Hermit and Six Toes
- Author: Victor Pelevin
- Language: Russian
- Genre: Novella
- Publication date: 1990
- Publication place: Russia
- Media type: Print (Paperback)
- ISBN: 5-85950-013-0

= Hermit and Six-Toes =

Book by Viktor Pelevin

Hermit and Six Toes («Затворник и Шестипалый») is a novella by Victor Pelevin, published in 1990 in Russia and translated by Andrew Bromfield in 1996.

==Plot==
The story's main characters are two broiler chickens, Hermit and Six-Toes, raised for slaughter at the Lunacharsky poultry plant. The narrative reveals that the chicken community has a complex hierarchical structure, with positions determined by proximity to the feeding trough.

The plot of the story begins with Six-Toes's exile from society. Having been expelled from society and the trough, Six-Toes encounters Hermit, a chick philosopher and naturalist, wandering between different societies within the combine. Thanks to his remarkable intellect, he independently managed to master the language of the "gods" (i.e. Russian), learned to read the time by clock and understood that chickens hatch from eggs, although he did not see it himself.

Six-Toes becomes a disciple and associate of Hermit. Together they travel from world to world, accumulating and summarizing knowledge and experience. Hermit's highest goal is to comprehend a certain mysterious phenomenon called "flight". Hermit believes: having mastered flight, he will be able to escape beyond the universe of the combine. It is the achievements of gifted loners, contrasted in the literal sense of dense collectivism, leads to an optimistic end.

In the story, the author is very careful to point out that there are two reasons for becoming hermits: either one must be a Hermit, that is, a solitary thinker, or one must be a Six-Fingered Man, that is, a philistine who is no different but has six fingers, so society rejects such (society in the story is all the other chickens).

The author's metaphor for religion can be noted in the story. Hermit realized that if the chickens want to survive and come in for a second round in the hatchery, they don't need to eat. They would then be too dry and pale, and they would be sent out to eat again. And he preaches ascesis, preaches renunciation of earthly goods. As a result, everyone fasts and everyone is sent on another round of fattening. There's also a wonderful metaphor, by the way, where the two characters are thrown out of society, thrown out of the incubator and thereby saved. "Society," Hermit explains, "is a device for overcoming the wall of the world."

Critics have noted Pelevin's parody of all religious philosophy. "Where do we come from?" - Six-Toes asks. "You know, only at very deep levels of memory does that question get answered," answers the Hermit. - "It seems to me that we emerge from white orbs." "And where do the white orbs come from?" - Six-Toes asks. "Good for you," says Hermit, "it took me much longer to ask that question. I suspect that these white orbs are emerging from us."
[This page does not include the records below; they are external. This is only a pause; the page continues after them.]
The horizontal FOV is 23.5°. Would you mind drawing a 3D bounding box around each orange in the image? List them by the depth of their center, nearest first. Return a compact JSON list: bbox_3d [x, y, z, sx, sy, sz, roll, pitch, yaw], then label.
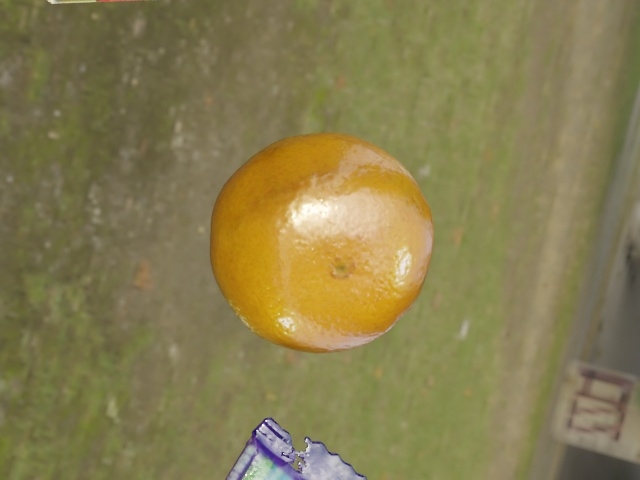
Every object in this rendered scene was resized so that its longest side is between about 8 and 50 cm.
[{"bbox_3d":[0.000,0.000,1.067,0.124,0.156,0.156,-121,-141,-67],"label":"orange"}]

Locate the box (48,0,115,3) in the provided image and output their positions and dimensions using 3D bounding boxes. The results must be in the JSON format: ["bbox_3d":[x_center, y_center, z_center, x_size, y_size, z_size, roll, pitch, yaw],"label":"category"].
[{"bbox_3d":[-0.141,-0.296,1.175,0.034,0.132,0.235,49,-41,49],"label":"box"}]

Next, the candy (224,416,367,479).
[{"bbox_3d":[-0.067,0.283,1.231,0.275,0.145,0.070,-52,-163,-3],"label":"candy"}]
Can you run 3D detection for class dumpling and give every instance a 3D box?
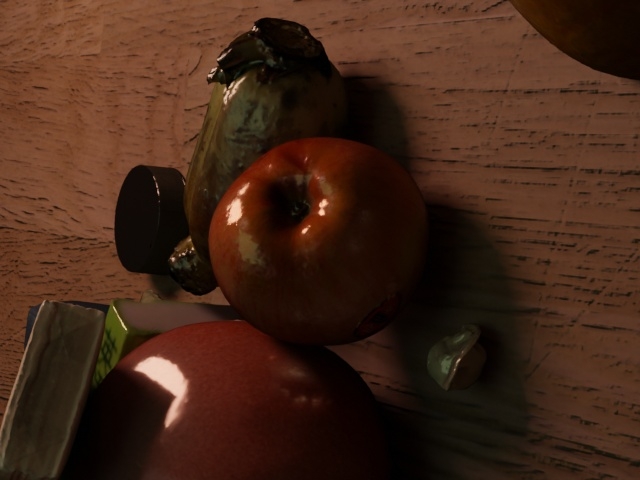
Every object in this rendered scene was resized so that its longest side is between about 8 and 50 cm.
[{"bbox_3d":[0.120,0.101,1.554,0.052,0.076,0.057,17,106,35],"label":"dumpling"}]

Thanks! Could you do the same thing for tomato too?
[{"bbox_3d":[-0.096,0.250,1.673,0.341,0.273,0.341,-46,36,50],"label":"tomato"}]

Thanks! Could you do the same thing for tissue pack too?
[{"bbox_3d":[-0.277,0.181,1.722,0.325,0.071,0.170,125,159,-68],"label":"tissue pack"}]

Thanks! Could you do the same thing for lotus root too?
[{"bbox_3d":[-0.067,-0.075,1.802,0.173,0.173,0.309,56,132,46],"label":"lotus root"}]

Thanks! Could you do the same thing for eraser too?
[{"bbox_3d":[-0.162,0.200,1.871,0.092,0.210,0.274,51,127,49],"label":"eraser"}]

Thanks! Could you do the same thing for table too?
[{"bbox_3d":[-0.206,-0.025,2.131,0.133,0.043,0.133,-14,74,59],"label":"table"}]

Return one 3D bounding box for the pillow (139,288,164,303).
[{"bbox_3d":[-0.166,0.137,2.034,0.241,0.051,0.093,37,112,54],"label":"pillow"}]

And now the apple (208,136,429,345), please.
[{"bbox_3d":[0.000,0.000,1.629,0.164,0.209,0.209,66,-177,-54],"label":"apple"}]

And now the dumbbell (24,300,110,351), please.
[{"bbox_3d":[-0.300,0.234,2.160,0.143,0.156,0.316,12,98,29],"label":"dumbbell"}]

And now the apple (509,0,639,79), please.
[{"bbox_3d":[0.252,-0.277,1.317,0.346,0.254,0.179,-52,2,41],"label":"apple"}]
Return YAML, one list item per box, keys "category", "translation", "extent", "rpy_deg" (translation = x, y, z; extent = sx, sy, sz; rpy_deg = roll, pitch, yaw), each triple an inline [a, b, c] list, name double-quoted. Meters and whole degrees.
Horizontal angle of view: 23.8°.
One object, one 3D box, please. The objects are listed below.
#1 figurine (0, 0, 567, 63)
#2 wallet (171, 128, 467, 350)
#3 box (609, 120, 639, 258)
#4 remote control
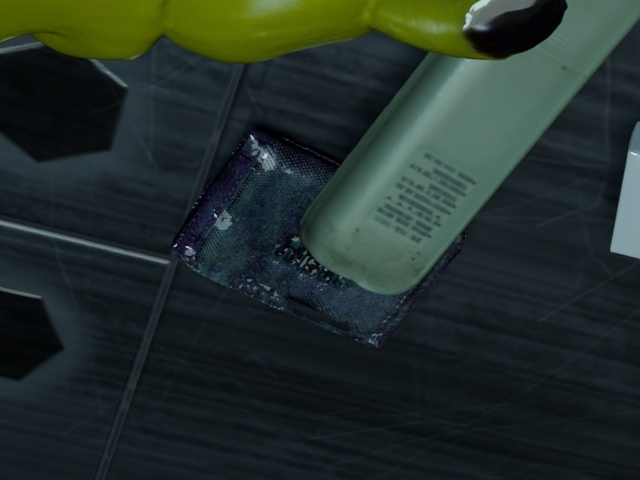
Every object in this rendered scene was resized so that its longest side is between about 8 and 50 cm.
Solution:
- category: "figurine"
  translation: [-0.069, -0.174, 0.684]
  extent: [0.326, 0.218, 0.169]
  rpy_deg: [4, 160, -8]
- category: "wallet"
  translation: [0.000, -0.001, 0.991]
  extent: [0.166, 0.030, 0.111]
  rpy_deg: [25, 119, -21]
- category: "box"
  translation: [0.262, -0.015, 0.940]
  extent: [0.154, 0.040, 0.084]
  rpy_deg: [15, 135, 15]
- category: "remote control"
  translation: [0.098, -0.085, 0.897]
  extent: [0.090, 0.038, 0.309]
  rpy_deg: [27, 119, -20]
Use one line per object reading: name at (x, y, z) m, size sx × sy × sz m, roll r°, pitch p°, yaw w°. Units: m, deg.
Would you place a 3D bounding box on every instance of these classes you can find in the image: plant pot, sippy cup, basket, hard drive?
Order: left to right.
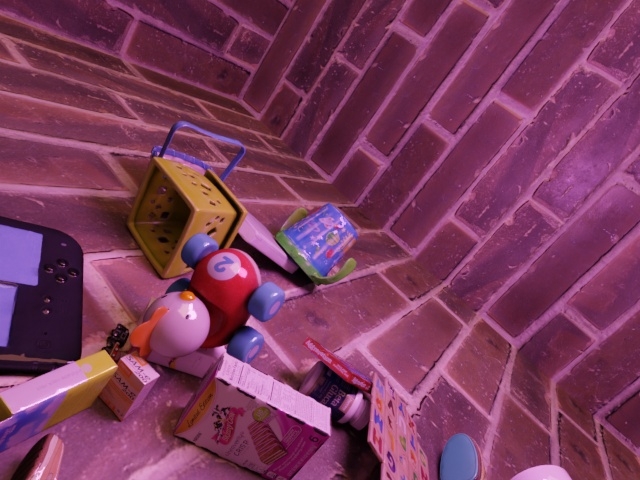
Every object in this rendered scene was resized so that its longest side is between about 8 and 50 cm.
plant pot at (-0.342, -0.062, 1.132) m, size 0.228 × 0.227 × 0.207 m, roll 46°, pitch 28°, yaw 25°
basket at (-0.393, -0.213, 1.316) m, size 0.254 × 0.289 × 0.201 m, roll 9°, pitch 33°, yaw -50°
hard drive at (-0.206, -0.026, 1.368) m, size 0.233 × 0.047 × 0.353 m, roll 47°, pitch -1°, yaw 24°
sippy cup at (0.000, 0.000, 1.477) m, size 0.305 × 0.224 × 0.240 m, roll 49°, pitch -2°, yaw 6°

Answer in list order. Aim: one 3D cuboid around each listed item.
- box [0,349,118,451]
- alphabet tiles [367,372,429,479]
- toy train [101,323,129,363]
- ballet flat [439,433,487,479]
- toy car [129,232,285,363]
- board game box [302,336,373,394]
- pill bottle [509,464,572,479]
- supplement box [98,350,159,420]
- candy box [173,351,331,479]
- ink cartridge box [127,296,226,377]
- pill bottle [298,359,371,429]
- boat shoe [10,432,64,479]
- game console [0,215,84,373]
box at (-0.392, 0.232, 0.604) m, size 0.042 × 0.109 × 0.178 m, roll 45°, pitch 21°, yaw 13°
alphabet tiles at (0.185, 0.478, 0.970) m, size 0.285 × 0.011 × 0.342 m, roll 60°, pitch 17°, yaw -11°
toy train at (-0.386, 0.211, 0.783) m, size 0.036 × 0.027 × 0.158 m, roll 40°, pitch 17°, yaw -21°
ballet flat at (0.350, 0.613, 1.000) m, size 0.123 × 0.123 × 0.348 m, roll 37°, pitch 19°, yaw 1°
toy car at (-0.228, 0.124, 0.766) m, size 0.219 × 0.211 × 0.238 m, roll 33°, pitch 19°, yaw 18°
board game box at (0.070, 0.326, 1.063) m, size 0.145 × 0.027 × 0.281 m, roll 29°, pitch -11°, yaw 36°
pill bottle at (0.576, 0.726, 0.921) m, size 0.228 × 0.229 × 0.408 m, roll 28°, pitch 21°, yaw -21°
supplement box at (-0.320, 0.243, 0.712) m, size 0.062 × 0.098 × 0.036 m, roll 40°, pitch 21°, yaw 11°
candy box at (-0.118, 0.326, 0.771) m, size 0.233 × 0.159 × 0.071 m, roll 32°, pitch 20°, yaw -11°
ink cartridge box at (-0.282, 0.209, 0.894) m, size 0.198 × 0.067 × 0.115 m, roll 27°, pitch 23°, yaw -21°
pill bottle at (0.041, 0.373, 1.020) m, size 0.169 × 0.094 × 0.094 m, roll 36°, pitch 20°, yaw 0°
boat shoe at (-0.353, 0.338, 0.521) m, size 0.072 × 0.068 × 0.190 m, roll 40°, pitch 26°, yaw -28°
game console at (-0.604, 0.063, 0.706) m, size 0.386 × 0.060 × 0.342 m, roll 18°, pitch 27°, yaw -39°
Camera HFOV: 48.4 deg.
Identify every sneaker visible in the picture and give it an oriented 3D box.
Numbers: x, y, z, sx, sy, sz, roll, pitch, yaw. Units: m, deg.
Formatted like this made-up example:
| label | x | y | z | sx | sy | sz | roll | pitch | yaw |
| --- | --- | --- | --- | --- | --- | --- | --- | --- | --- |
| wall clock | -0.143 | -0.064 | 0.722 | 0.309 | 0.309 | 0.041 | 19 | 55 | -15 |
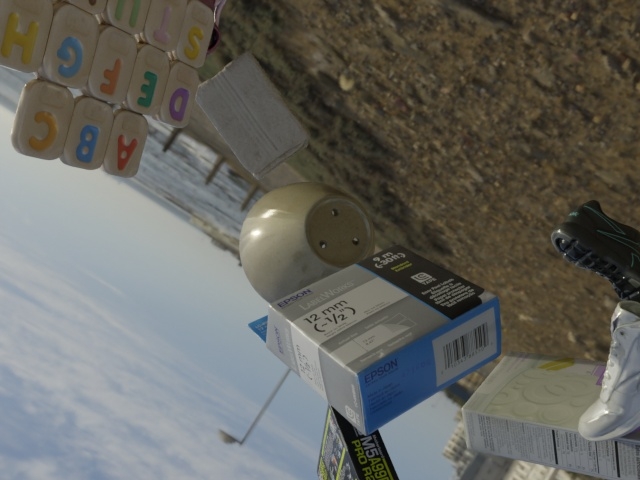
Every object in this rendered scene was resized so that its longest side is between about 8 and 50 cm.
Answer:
| label | x | y | z | sx | sy | sz | roll | pitch | yaw |
| --- | --- | --- | --- | --- | --- | --- | --- | --- | --- |
| sneaker | 0.524 | 0.037 | 1.195 | 0.267 | 0.106 | 0.101 | 42 | 162 | 9 |
| sneaker | 0.482 | 0.179 | 1.085 | 0.152 | 0.305 | 0.114 | 40 | -154 | 12 |

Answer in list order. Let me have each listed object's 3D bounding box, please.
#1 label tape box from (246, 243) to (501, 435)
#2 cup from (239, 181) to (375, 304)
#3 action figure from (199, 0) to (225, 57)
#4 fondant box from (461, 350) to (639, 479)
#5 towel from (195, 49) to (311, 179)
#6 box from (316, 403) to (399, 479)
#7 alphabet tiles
| label | x | y | z | sx | sy | sz | roll | pitch | yaw |
| --- | --- | --- | --- | --- | --- | --- | --- | --- | --- |
| label tape box | 0.061 | 0.112 | 1.084 | 0.348 | 0.249 | 0.115 | 32 | 140 | 50 |
| cup | 0.000 | 0.000 | 1.678 | 0.331 | 0.331 | 0.237 | 33 | 159 | -13 |
| action figure | -0.328 | -0.516 | 1.798 | 0.276 | 0.248 | 0.370 | 3 | -155 | -31 |
| fondant box | 0.459 | 0.309 | 1.289 | 0.330 | 0.096 | 0.238 | 3 | -158 | 36 |
| towel | -0.169 | -0.311 | 1.777 | 0.282 | 0.187 | 0.049 | 55 | -173 | -2 |
| box | 0.063 | 0.398 | 1.119 | 0.270 | 0.060 | 0.216 | 96 | 157 | -49 |
| alphabet tiles | -0.195 | -0.203 | 0.684 | 0.021 | 0.278 | 0.284 | 18 | -177 | 23 |
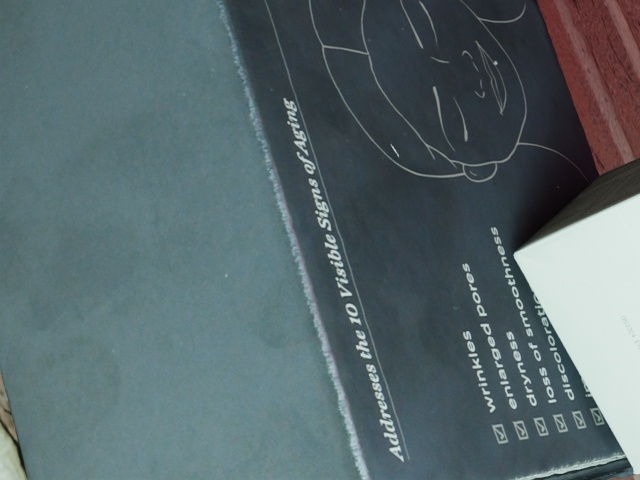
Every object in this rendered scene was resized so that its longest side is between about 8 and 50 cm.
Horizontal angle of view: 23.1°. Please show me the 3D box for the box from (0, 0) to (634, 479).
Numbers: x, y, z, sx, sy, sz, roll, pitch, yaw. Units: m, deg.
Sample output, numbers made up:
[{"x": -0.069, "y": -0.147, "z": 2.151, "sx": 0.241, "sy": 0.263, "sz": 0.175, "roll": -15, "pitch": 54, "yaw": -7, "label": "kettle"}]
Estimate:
[{"x": 0.000, "y": 0.000, "z": 1.226, "sx": 0.472, "sy": 0.297, "sz": 0.480, "roll": 3, "pitch": 66, "yaw": -55, "label": "box"}]

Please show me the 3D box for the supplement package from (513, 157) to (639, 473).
[{"x": 0.287, "y": 0.033, "z": 1.198, "sx": 0.194, "sy": 0.149, "sz": 0.203, "roll": 61, "pitch": 35, "yaw": -4, "label": "supplement package"}]
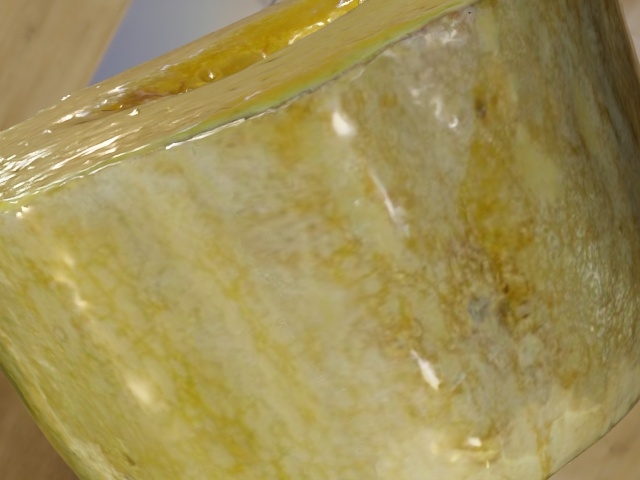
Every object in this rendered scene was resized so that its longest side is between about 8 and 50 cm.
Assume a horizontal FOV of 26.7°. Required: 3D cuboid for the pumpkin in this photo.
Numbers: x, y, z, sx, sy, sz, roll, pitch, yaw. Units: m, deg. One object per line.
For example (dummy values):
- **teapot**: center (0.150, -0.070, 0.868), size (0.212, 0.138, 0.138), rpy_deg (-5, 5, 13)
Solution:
- **pumpkin**: center (0.000, 0.000, 0.587), size (0.332, 0.332, 0.199), rpy_deg (-70, -42, -74)
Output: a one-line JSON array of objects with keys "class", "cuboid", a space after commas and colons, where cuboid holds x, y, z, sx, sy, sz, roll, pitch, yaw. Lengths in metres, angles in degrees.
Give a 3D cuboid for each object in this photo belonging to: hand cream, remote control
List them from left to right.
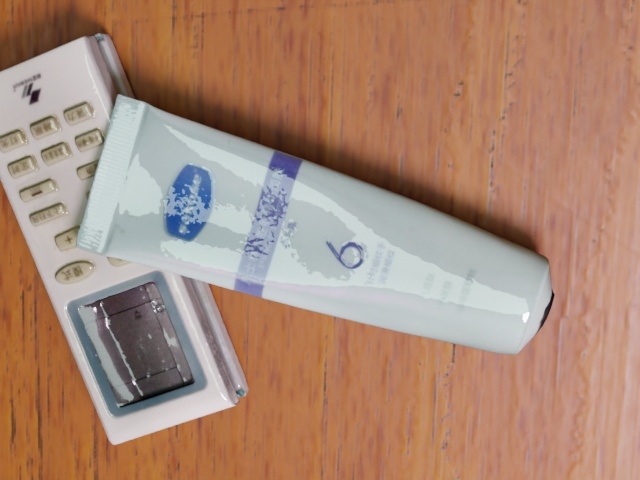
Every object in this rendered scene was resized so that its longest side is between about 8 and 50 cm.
[{"class": "remote control", "cuboid": [-0.151, 0.001, 1.035, 0.102, 0.055, 0.277, -19, 96, 16]}, {"class": "hand cream", "cuboid": [0.000, 0.000, 0.984, 0.320, 0.067, 0.109, 18, 98, 5]}]
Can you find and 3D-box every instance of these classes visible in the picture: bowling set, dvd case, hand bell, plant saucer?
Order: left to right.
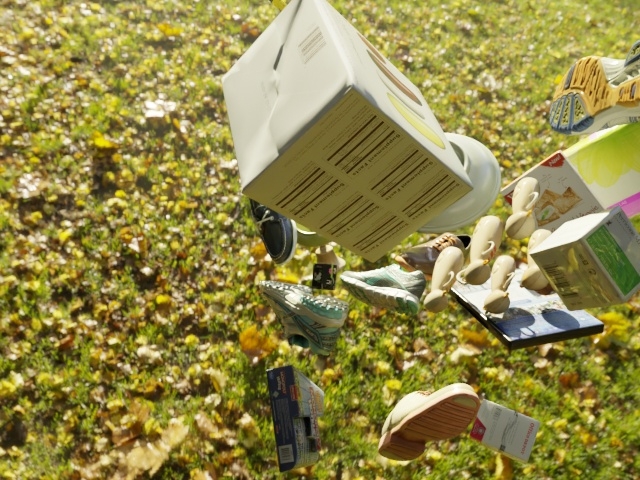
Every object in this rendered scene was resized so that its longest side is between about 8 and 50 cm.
[{"bbox_3d":[-0.013,-0.093,1.800,0.241,0.037,0.240,-11,59,20],"label":"plant saucer"},{"bbox_3d":[0.000,0.000,2.015,0.126,0.241,0.126,-16,23,7],"label":"hand bell"},{"bbox_3d":[0.357,-0.211,1.690,0.401,0.100,0.400,-8,55,12],"label":"plant saucer"},{"bbox_3d":[0.364,0.120,1.008,0.181,0.022,0.253,-8,22,-12],"label":"dvd case"},{"bbox_3d":[0.330,0.053,0.913,0.200,0.287,0.154,31,49,-1],"label":"bowling set"}]

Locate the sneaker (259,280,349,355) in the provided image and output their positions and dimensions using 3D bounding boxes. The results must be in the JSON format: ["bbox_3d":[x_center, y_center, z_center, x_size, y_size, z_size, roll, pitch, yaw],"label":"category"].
[{"bbox_3d":[-0.058,0.160,1.143,0.110,0.122,0.283,10,3,-33],"label":"sneaker"}]

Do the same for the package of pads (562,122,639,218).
[{"bbox_3d":[0.727,-0.162,1.358,0.229,0.297,0.101,57,32,1],"label":"package of pads"}]

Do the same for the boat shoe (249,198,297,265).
[{"bbox_3d":[-0.142,-0.072,1.453,0.091,0.114,0.302,26,37,-46],"label":"boat shoe"}]

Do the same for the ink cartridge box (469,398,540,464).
[{"bbox_3d":[0.481,0.499,1.407,0.151,0.063,0.109,17,65,29],"label":"ink cartridge box"}]

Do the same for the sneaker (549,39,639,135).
[{"bbox_3d":[0.417,-0.185,0.703,0.131,0.111,0.296,11,6,-7],"label":"sneaker"}]

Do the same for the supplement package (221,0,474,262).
[{"bbox_3d":[0.024,-0.118,0.588,0.203,0.149,0.194,27,34,-41],"label":"supplement package"}]

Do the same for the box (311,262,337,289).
[{"bbox_3d":[0.012,0.116,1.736,0.062,0.052,0.083,8,86,-40],"label":"box"}]

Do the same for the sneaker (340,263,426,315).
[{"bbox_3d":[0.108,0.072,0.908,0.167,0.065,0.076,14,58,42],"label":"sneaker"}]

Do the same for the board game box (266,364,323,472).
[{"bbox_3d":[-0.038,0.367,1.120,0.060,0.194,0.194,-15,69,14],"label":"board game box"}]

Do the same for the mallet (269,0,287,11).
[{"bbox_3d":[-0.059,-0.373,0.830,0.190,0.062,0.039,45,31,-21],"label":"mallet"}]

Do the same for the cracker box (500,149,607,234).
[{"bbox_3d":[0.546,-0.068,1.229,0.232,0.156,0.067,55,28,7],"label":"cracker box"}]

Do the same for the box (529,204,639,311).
[{"bbox_3d":[0.360,0.026,0.712,0.087,0.102,0.101,-34,89,-21],"label":"box"}]

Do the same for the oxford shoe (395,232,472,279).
[{"bbox_3d":[0.361,0.032,1.695,0.130,0.132,0.364,42,27,27],"label":"oxford shoe"}]

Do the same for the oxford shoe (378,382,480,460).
[{"bbox_3d":[0.268,0.445,1.412,0.141,0.397,0.146,25,45,-13],"label":"oxford shoe"}]

The hero of the story needed first to get out of "society" and get rid of the oppression of dogma in order to understand the illusory nature of the prevailing system, its unlivability. The world of the henhouse is divided into two camps: "society" and the outcasts. Society lives without thinking about life, guided by rules and norms, but as soon as one leaves it and becomes an outcast, the ability to look at life from the outside and think about it begins to emerge. Few, like the Hermit, leave society voluntarily, for the system is organized and everything in it is subordinated to a single idea.

The story bears a resemblance to George Orwell's "Animal Farm". Six-Toes's expulsion from society leads him eventually to the realization that all of the inhabitants here are doomed to death and ultimately to salvation. The circle of samsara is clearly embodied in the work: containers move on a closed conveyor belt, where chickens are fattened after hatching, then slaughtered on their way to shop number one, after which the cycle repeats itself.